Parmi les dernières dispositions discutées vendredi figurait le principe du "casseur-payeur". L’Etat pourra se retourner au civil contre toute personne ayant participé aux faits dommageables, sans qu’il y ait besoin d’une condamnation pénale. Ce qui pour les députés LFI est la porte ouverte à des "sanctions collectives". Alors que le rapporteur a défendu au cours des discussions un texte "d’équilibre", les députés LR ont parfois cherché à le muscler. Ils ont ainsi essayé en vain de revenir à la version du Sénat reposant sur présomption de responsabilité civile collective en cas de condamnation au pénal pour des violences contre les personnes ou des atteintes aux biens. Ils ont aussi proposé, sans succès, d’imposer des peines planchers contre les auteurs de violences contre les forces de l’ordre.
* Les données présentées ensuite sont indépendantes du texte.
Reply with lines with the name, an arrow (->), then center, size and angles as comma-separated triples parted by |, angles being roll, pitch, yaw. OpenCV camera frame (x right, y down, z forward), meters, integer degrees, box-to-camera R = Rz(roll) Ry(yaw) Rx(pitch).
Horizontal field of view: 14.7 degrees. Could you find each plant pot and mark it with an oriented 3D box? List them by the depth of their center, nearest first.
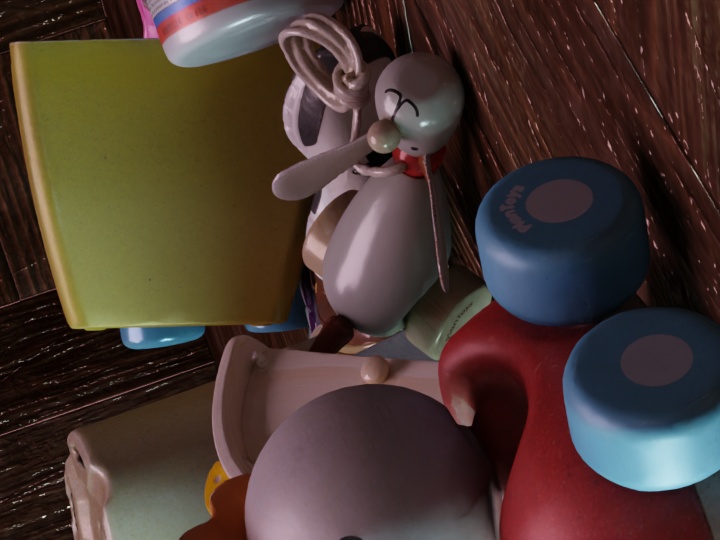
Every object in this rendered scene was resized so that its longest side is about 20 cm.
plant pot -> -0.084, 0.148, 1.763 | 0.200, 0.183, 0.201 | 168, 90, -75
plant pot -> -0.119, -0.052, 1.772 | 0.200, 0.199, 0.177 | 180, 88, -83

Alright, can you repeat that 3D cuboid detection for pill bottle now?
pill bottle -> -0.091, -0.229, 1.611 | 0.112, 0.112, 0.201 | 131, 119, -82

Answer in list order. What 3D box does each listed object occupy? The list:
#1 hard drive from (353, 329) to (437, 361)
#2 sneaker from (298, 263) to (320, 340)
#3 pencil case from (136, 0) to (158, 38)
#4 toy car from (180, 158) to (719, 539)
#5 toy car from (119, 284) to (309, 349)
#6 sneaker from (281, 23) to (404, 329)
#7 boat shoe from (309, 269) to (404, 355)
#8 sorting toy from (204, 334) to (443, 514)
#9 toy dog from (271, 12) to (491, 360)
hard drive -> 0.028, 0.138, 1.529 | 0.201, 0.139, 0.033 | 68, -170, 24
sneaker -> 0.003, 0.070, 1.852 | 0.088, 0.074, 0.201 | -128, 20, -56
pencil case -> -0.140, -0.238, 2.080 | 0.091, 0.093, 0.201 | -120, 12, -58
toy car -> 0.034, 0.094, 1.015 | 0.177, 0.199, 0.185 | -116, 10, -49
toy car -> -0.101, -0.051, 2.034 | 0.200, 0.176, 0.185 | -44, -54, -83
sneaker -> 0.011, -0.049, 1.507 | 0.080, 0.074, 0.200 | 44, 158, 35
boat shoe -> 0.000, 0.000, 1.667 | 0.200, 0.072, 0.068 | -121, 12, -73
sorting toy -> 0.037, 0.124, 1.378 | 0.200, 0.107, 0.180 | 3, 148, 44
toy dog -> 0.004, -0.020, 1.389 | 0.132, 0.096, 0.200 | 21, 145, 36
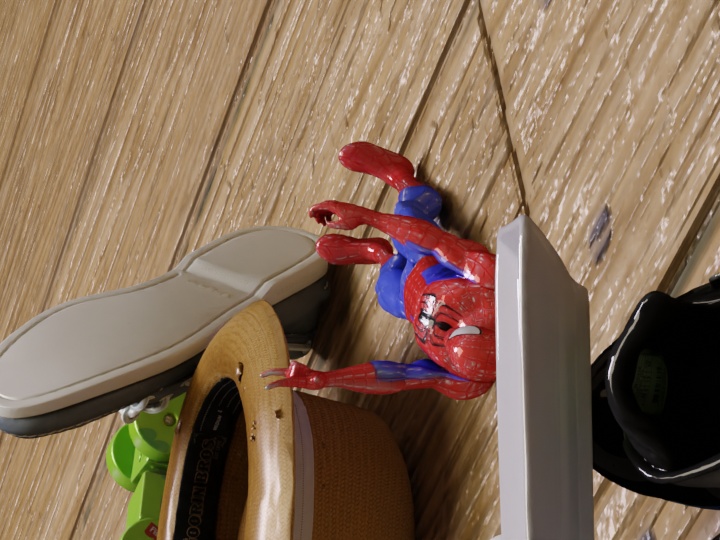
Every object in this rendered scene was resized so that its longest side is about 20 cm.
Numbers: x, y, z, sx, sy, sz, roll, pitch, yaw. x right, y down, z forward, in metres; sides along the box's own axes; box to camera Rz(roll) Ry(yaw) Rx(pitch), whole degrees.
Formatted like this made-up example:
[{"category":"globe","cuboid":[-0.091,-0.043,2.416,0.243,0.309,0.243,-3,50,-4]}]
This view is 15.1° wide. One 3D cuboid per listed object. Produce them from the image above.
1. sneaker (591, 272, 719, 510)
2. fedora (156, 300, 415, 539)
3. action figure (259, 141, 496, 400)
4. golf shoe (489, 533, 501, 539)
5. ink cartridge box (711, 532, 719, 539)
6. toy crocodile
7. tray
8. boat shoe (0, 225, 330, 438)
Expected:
[{"category":"sneaker","cuboid":[0.100,0.027,0.744,0.200,0.083,0.071,159,117,-73]},{"category":"fedora","cuboid":[-0.029,0.115,1.118,0.201,0.082,0.201,-172,90,-73]},{"category":"action figure","cuboid":[0.000,0.000,1.067,0.200,0.099,0.065,-133,53,-65]},{"category":"golf shoe","cuboid":[0.020,0.157,0.883,0.078,0.094,0.200,116,171,-48]},{"category":"ink cartridge box","cuboid":[0.106,0.169,0.698,0.094,0.044,0.200,-51,33,46]},{"category":"toy crocodile","cuboid":[-0.098,0.122,1.395,0.068,0.062,0.200,124,154,-56]},{"category":"tray","cuboid":[0.054,0.086,0.777,0.107,0.022,0.200,78,-170,-89]},{"category":"boat shoe","cuboid":[-0.087,0.040,1.210,0.073,0.200,0.062,21,123,35]}]
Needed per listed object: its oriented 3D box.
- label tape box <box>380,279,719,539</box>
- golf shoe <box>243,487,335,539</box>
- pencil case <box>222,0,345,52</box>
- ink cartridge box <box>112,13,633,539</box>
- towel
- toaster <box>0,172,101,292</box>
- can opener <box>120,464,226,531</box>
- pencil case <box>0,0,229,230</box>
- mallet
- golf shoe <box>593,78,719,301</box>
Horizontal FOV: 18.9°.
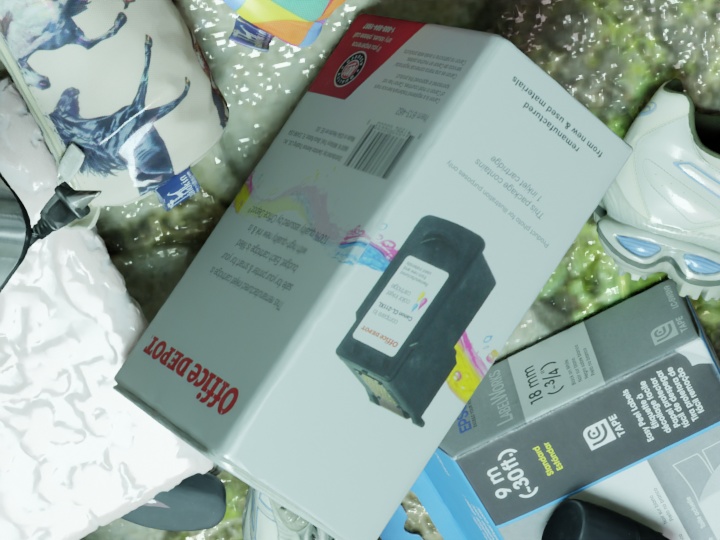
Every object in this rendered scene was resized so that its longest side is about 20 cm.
[{"bbox_3d":[0.102,0.112,1.081,0.199,0.063,0.145,-27,121,9],"label":"label tape box"},{"bbox_3d":[-0.033,0.103,1.045,0.078,0.097,0.202,-3,97,-32],"label":"golf shoe"},{"bbox_3d":[0.001,-0.182,0.872,0.088,0.089,0.200,32,111,-24],"label":"pencil case"},{"bbox_3d":[0.000,0.000,0.906,0.083,0.146,0.201,36,85,-25],"label":"ink cartridge box"},{"bbox_3d":[-0.190,0.044,0.970,0.190,0.032,0.201,-29,100,2],"label":"towel"},{"bbox_3d":[-0.240,-0.015,0.843,0.200,0.181,0.118,-51,159,16],"label":"toaster"},{"bbox_3d":[-0.148,0.064,1.017,0.199,0.067,0.054,25,116,-21],"label":"can opener"},{"bbox_3d":[-0.130,-0.115,0.894,0.077,0.090,0.201,2,134,40],"label":"pencil case"},{"bbox_3d":[0.094,0.209,1.051,0.065,0.041,0.202,16,102,-21],"label":"mallet"},{"bbox_3d":[0.211,-0.031,1.002,0.198,0.078,0.098,10,114,-15],"label":"golf shoe"}]

Les députés ont aussi inséré dans le code pénal une "peine d’interdiction de participer à des manifestations" d'une durée maximal de trois ans pour les auteurs d’infractions lors de manifestations (article 6).
On notera enfin que le député Meyer Habib a tenté de faire adopter un amendement prévoyant de pénaliser le geste de la "quenelle" popularisé par l’humoriste Dieudonné.

"Escalade de la violence"

Au moment où les députés achevaient l’examen du texte, le Conseil d’Etat a rejeté, ce vendredi, les demandes de suspension de l'usage du lanceur de balles de défense (LBD) dans les prochaines manifestations de "gilets jaunes", estimant que le risque de violences rendait "nécessaire de permettre aux forces de l'ordre de recourir à ces armes". Cette requête avait été déposée par plusieurs syndicats et particuliers. Alors que les députés LFI ont demandé un rapport "précis" au gouvernement sur l’usage des armes de désencerclement au gouvernement, le ministre a rappelé dans l'hémicycle que des discussions auraient lieu prochainement à l’Assemblée sur ce thème, à l’initiative de La France insoumise. "Chaque fois que la doctrine d’emploi est détournée ou n'est pas respectée, cela s’appelle une faute", a martelé le ministre. "Si un maire qui sait qu’il y a une manifestation dans sa commune nous sollicitait pour qu’il n’ y ait aucune force de l’ordre, nous pourrions l’entendre aussi, dans le cadre d’un échange de responsabilités que nous pourrions trouver", a-t-il avancé. Mercredi, sur les ondes de Sud Radio, le secrétaire général du syndicat de police Vigi Police Alexandre Langlois a mis en cause la hiérarchie policière dans les débordements des dernières manifestations.  "N’oubliez pas de porter plainte contre notre hiérarchie, a-t-il lancé aux manifestants blessés (ceux qui n'ont rien à se reprocher) par un tir de LBD. Sinon on va sacrifier des pions." "Le metteur en scène qui est derrière n'est jamais inquiété et renouvellera la scène tous les week-ends", a-t-il ajouté. Le policier a notamment dénoncé le manque de formation concernant le LBD ; les recours les plus fréquents visant, selon lui, des policiers de la BAC qui ne tirent que cinq balles tous les trois ans. Il a aussi dénoncé le démantèlement du renseignement territorial sous Nicolas Sarkozy et la doctrine du maintien de l’ordre, "une vision à l’aveugle qui forcément engendre des dommages collatéraux", et une "escalade de la violence".